How to Get to Shwedagon Pagoda  

If you're traveling by air, book an international flight into Yangon International Airport, where you can take a shuttle to your downtown lodging and explore the city for a few days. The Shwedagon Pagoda is located on Sanguttara Hill in the Dagon Township, a 10- to 15-minute drive from downtown Yangon. Any taxi driver will gladly take you. There’s no need to have the driver wait, as plenty of taxis will be waiting around the pagoda when you exit. Although Yangon taxis are reasonably priced, prices are slightly inflated for tourists visiting the pagoda. Don’t be afraid to negotiate with your driver.

Visiting Info

  • Opening Hours: The Shwedagon Pagoda is open seven days a week from 4 a.m. to 10 p.m. The last admission is 9:45 p.m., and the visitor center is open daily from 8 a.m. to 9 p.m.
  • Entrance Fees: The entrance fee is 10,000 MMK (kyat), approximately 6 US dollars.
  • Guides at the Pagoda: As soon as you enter, you’ll be approached by friendly, English-speaking guides offering their services. You may be shown a book of comments in various languages from their previous customers. Some guides are official and licensed, while others are much more informal. Agree on a clearly established price before accepting any services.
  • Food and Drink: Food and concessions services are available on-site, however, you'll find better food in local restaurants elsewhere. Communal water coolers are also available around the pagoda, but carrying your own water is highly recommended.
  • Accessibility: Elevators and wheelchairs are available at the southern entrance of the pagoda.

Dress Code at Shwedagon Pagoda  

Although you should dress conservatively (cover your knees and shoulders) when visiting any of the temples in Southeast Asia, sometimes the rules are more relaxed for tourists. This is not the case at the Shwedagon Pagoda, since it's a very active place of worship. Scores of monks, pilgrims, and devotees mix in among tourists at the monument. That said, both men and women should wear clothing that covers the knees. Longyi, a traditional, sarong-style garment, is available on-site to borrow at the entrances, should you arrive wearing shorts. Shoulders should not be exposed, and avoid wearing shirts with religious themes or offensive messages (including skulls). The monument's website claims that elbow-length shirts are required, though this is rarely enforced. Do not wear tight-fitting or revealing clothing.

Also, you’ll be expected to remove your shoes and leave them at the entrance for a small fee. Shoes are looked after at a proper counter, hence the fee. You'll be given a numbered claim check, so don’t worry about someone swapping flip-flops with you. Socks and stockings are not allowed, you must remain in bare feet.

Tips for Visiting Shwedagon Pagoda

  • Whether you hire a guide, or not, is completely up to you.
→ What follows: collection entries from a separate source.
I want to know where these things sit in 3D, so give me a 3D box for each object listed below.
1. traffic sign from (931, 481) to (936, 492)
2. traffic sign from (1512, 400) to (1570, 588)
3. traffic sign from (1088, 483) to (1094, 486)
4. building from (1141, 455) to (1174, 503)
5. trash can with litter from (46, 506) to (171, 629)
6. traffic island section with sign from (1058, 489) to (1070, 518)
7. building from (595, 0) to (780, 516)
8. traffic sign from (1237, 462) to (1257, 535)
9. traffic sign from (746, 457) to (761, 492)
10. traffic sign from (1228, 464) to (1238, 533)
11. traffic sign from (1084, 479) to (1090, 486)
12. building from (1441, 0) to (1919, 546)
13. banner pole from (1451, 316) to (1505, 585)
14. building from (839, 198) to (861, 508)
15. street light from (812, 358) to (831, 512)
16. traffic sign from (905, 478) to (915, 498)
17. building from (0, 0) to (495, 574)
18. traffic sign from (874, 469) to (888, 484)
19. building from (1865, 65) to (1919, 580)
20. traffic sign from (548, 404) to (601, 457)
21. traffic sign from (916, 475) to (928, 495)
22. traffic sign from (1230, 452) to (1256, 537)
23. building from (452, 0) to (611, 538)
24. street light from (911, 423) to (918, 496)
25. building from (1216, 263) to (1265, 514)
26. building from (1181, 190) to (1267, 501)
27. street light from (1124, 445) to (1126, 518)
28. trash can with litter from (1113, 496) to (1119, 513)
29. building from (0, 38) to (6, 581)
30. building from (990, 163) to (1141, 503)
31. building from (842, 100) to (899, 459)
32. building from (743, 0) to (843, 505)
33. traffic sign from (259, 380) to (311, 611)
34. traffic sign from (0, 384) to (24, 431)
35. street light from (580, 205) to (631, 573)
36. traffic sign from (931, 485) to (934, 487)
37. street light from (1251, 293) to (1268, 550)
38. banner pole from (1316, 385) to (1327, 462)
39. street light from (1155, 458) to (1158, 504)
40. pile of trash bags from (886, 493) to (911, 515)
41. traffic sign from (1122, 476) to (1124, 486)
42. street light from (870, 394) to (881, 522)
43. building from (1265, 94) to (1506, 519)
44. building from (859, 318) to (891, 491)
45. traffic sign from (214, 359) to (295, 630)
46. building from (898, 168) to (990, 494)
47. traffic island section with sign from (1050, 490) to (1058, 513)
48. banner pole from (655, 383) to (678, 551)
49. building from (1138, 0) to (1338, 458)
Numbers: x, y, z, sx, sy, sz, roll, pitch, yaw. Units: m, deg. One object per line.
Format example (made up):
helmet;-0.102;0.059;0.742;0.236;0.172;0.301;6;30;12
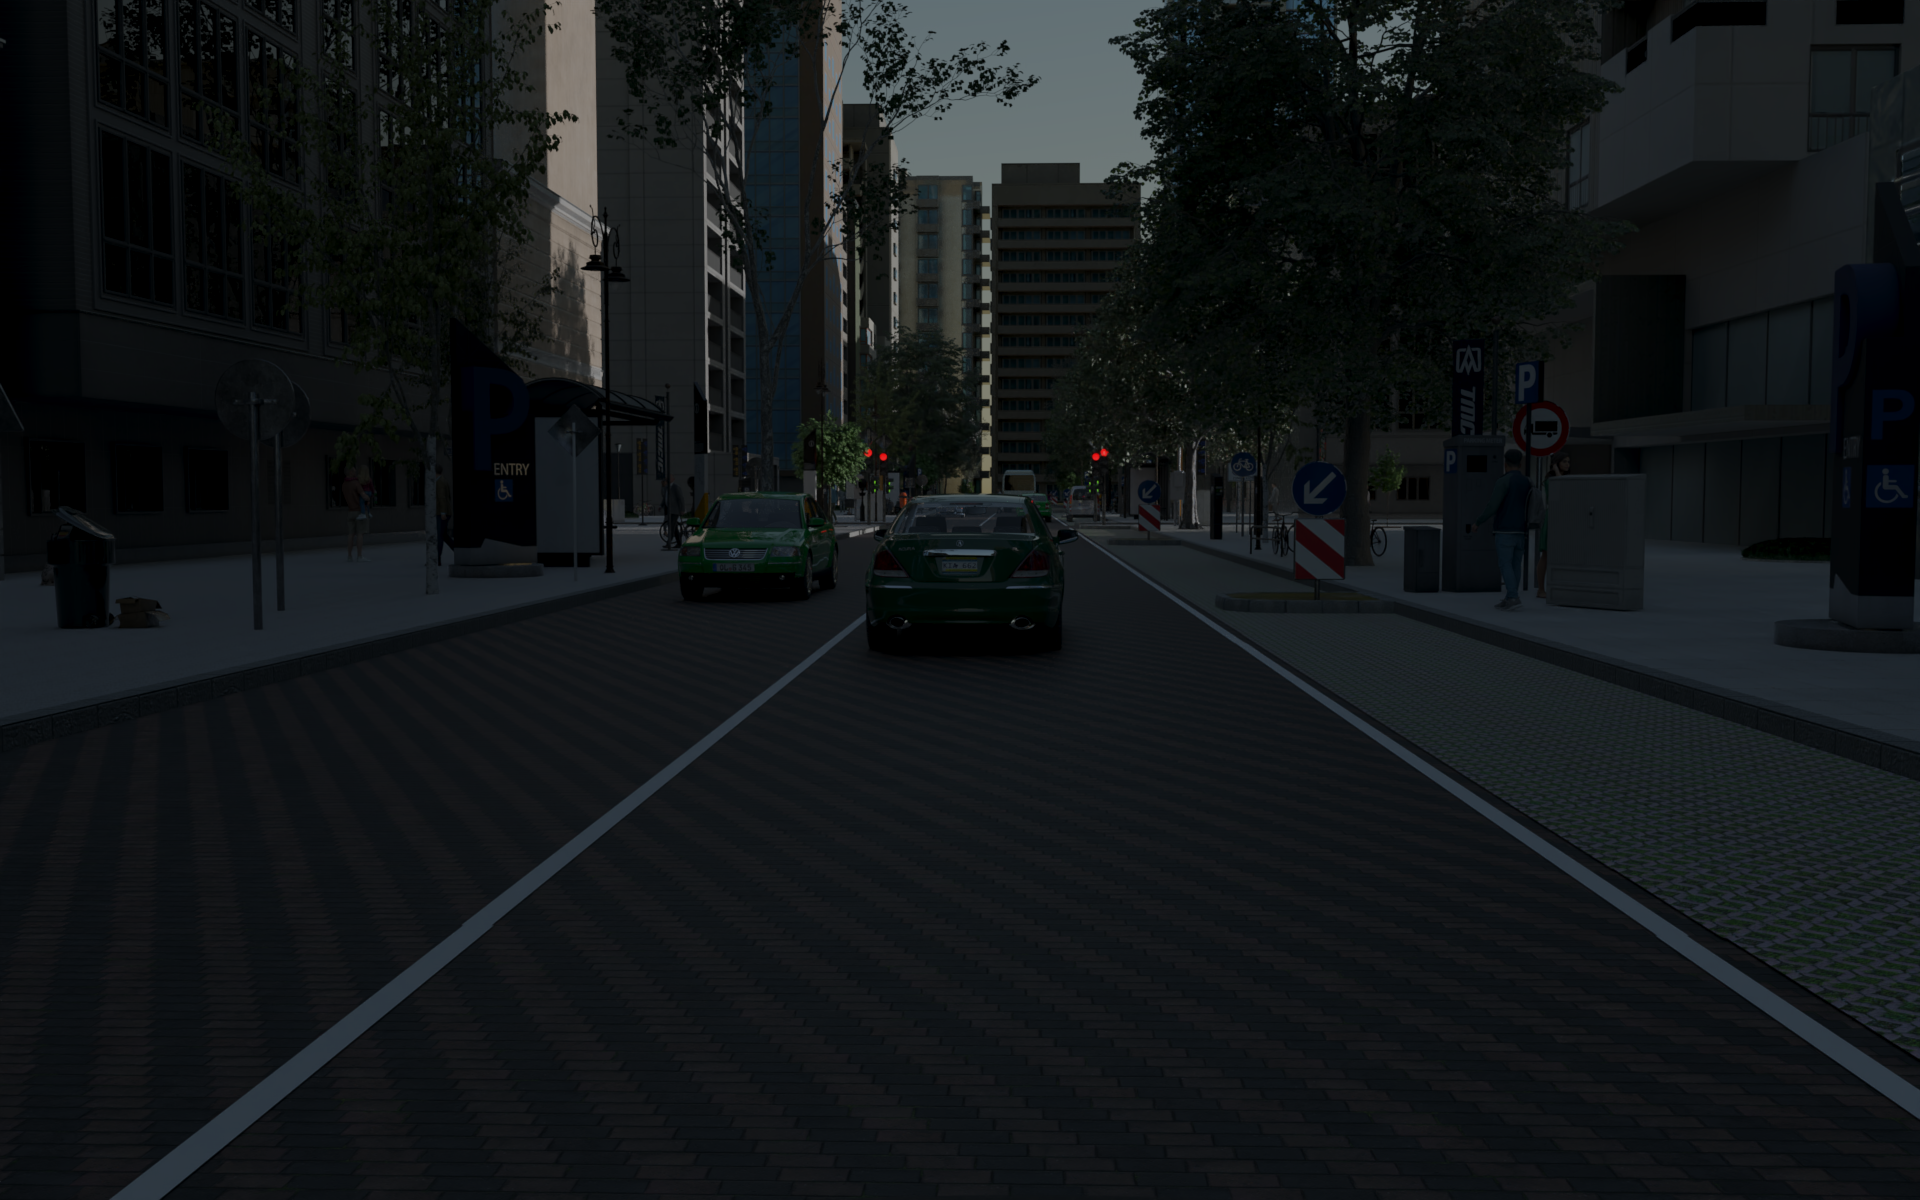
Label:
traffic sign;-2.199;-8.314;138.069;0.606;2.300;0.079;0;4;5
traffic sign;7.883;-1.436;23.589;0.768;2.556;0.104;0;4;6
traffic sign;9.661;-7.658;125.211;0.884;2.594;0.081;0;4;3
building;33.310;-20.223;175.693;27.650;21.520;28.899;0;4;2
trash can with litter;-8.199;-0.325;16.699;1.055;1.170;0.624;0;4;-6
traffic island section with sign;7.096;-5.846;104.214;1.989;1.847;2.006;0;4;2
building;-22.505;-41.097;110.196;20.563;71.187;20.611;0;4;2
traffic sign;9.121;-3.200;54.443;0.606;2.300;0.079;0;4;4
traffic sign;-7.023;-3.646;59.719;0.768;2.556;0.104;0;4;7
traffic sign;9.118;-3.358;57.030;0.606;2.300;0.079;0;4;7
traffic sign;9.970;-8.163;133.567;0.768;2.556;0.104;1;4;10
building;29.973;-28.028;47.490;28.713;52.752;27.495;0;4;2
banner pole;7.358;-2.115;24.603;0.863;3.779;0.401;3;5;39
building;-16.973;-23.896;162.394;14.160;30.474;14.107;0;4;2
street light;-4.690;-5.267;58.903;0.468;5.910;1.993;0;4;2
traffic sign;-3.137;-6.529;108.879;0.606;2.300;0.079;0;4;7
building;-20.339;-14.908;37.259;14.314;27.812;24.014;0;4;2
traffic sign;-4.054;-5.420;88.720;0.768;2.556;0.104;0;4;8
building;25.050;-42.615;9.429;22.319;86.520;31.000;0;4;2
traffic sign;-5.676;-1.574;25.463;0.795;2.593;0.064;0;4;2
traffic sign;-2.485;-6.895;112.839;0.768;2.556;0.104;0;4;7
traffic sign;8.528;-3.186;52.195;0.768;2.556;0.104;1;4;8
building;-22.921;-16.572;56.863;20.117;28.700;13.634;0;4;2
street light;-2.866;-8.464;111.176;0.468;5.910;1.993;0;4;2
building;23.337;-15.580;119.355;10.561;19.102;19.286;0;4;2
building;24.581;-21.038;141.228;12.463;27.353;25.104;0;4;2
street light;8.718;-7.251;91.347;0.468;5.910;1.993;0;4;2
trash can with litter;10.923;-6.649;120.090;0.624;1.170;1.055;1;4;8
building;-20.075;-14.240;10.316;11.434;29.767;29.804;0;4;2
building;15.324;-38.655;255.715;21.600;48.544;21.300;0;4;2
building;-18.789;-36.010;212.465;21.600;48.544;21.300;0;4;2
building;-17.245;-30.099;142.225;14.600;45.320;14.200;0;4;2
traffic sign;-7.471;-1.154;18.980;0.768;2.556;0.104;1;4;10
traffic sign;-8.348;-0.900;14.719;0.884;2.594;0.081;1;4;12
street light;-5.702;-3.379;28.028;0.468;5.910;1.993;0;4;2
traffic sign;-2.357;-8.317;136.095;0.768;2.556;0.104;1;4;8
street light;6.865;-4.092;39.700;0.468;5.910;1.993;0;4;2
banner pole;8.086;-2.985;38.826;0.401;3.779;0.863;0;4;-5
street light;7.976;-5.962;70.265;0.468;5.910;1.993;0;4;2
pile of trash bags;-3.721;-5.775;104.177;1.912;1.369;3.447;-1;4;-15
traffic sign;11.384;-7.283;119.175;0.768;2.556;0.104;1;4;9
street light;-3.892;-6.565;80.117;0.468;5.910;1.993;0;4;2
building;32.381;-16.737;92.717;30.058;24.678;14.314;0;4;2
building;-22.206;-20.768;184.593;27.650;21.520;28.899;0;4;2
traffic sign;-6.644;-0.992;16.323;0.768;2.556;0.104;0;4;2
building;-10.748;-38.998;257.232;30.456;49.044;23.786;0;4;2
traffic island section with sign;8.014;-7.494;131.154;1.989;1.847;2.006;0;4;2
banner pole;-6.654;-2.991;38.919;0.401;3.779;0.863;1;4;18
building;32.498;-54.517;204.020;22.319;86.520;31.000;0;4;2

You may gain more knowledge and insight by hiring a guide, but at the same time, you'll miss out on the thrill of discovering things on your own. A good compromise is to leave time at the end of your tour to wander around without the distraction of someone speaking to you
  • People watching at the Shwedagon Pagoda can be very interesting. You may have friendly monks approach you to practice English.
  • Bring a hat and sunscreen. Afternoon temperatures in Yangon are hot throughout the year, and the sun is strong. Better yet, avoid visiting during the heat of the day.
  • The venue operates on a cash-only basis, so come prepared with the correct amount of money for the entrance fee.
  • Enter through the west entrance to avoid crowds, as this receives the least amount of traffic.

Things to Do Nearby

Many other attractions in the city of Yangon are worth checking out. Kandawgyi Lake, a manmade lake once used as the city's water supply, is located close to the pagoda and contains a carnival-like park along its banks. The Bogyoke Market is Yangon's main marketplace, where you can find gems, clothes, stamps, coins, and tourist souvenirs. And, a visit to the Taukkyan War Cemetery allows you to stroll the final resting place for over 6,000 soldiers who fought for the Allied cause in World War II.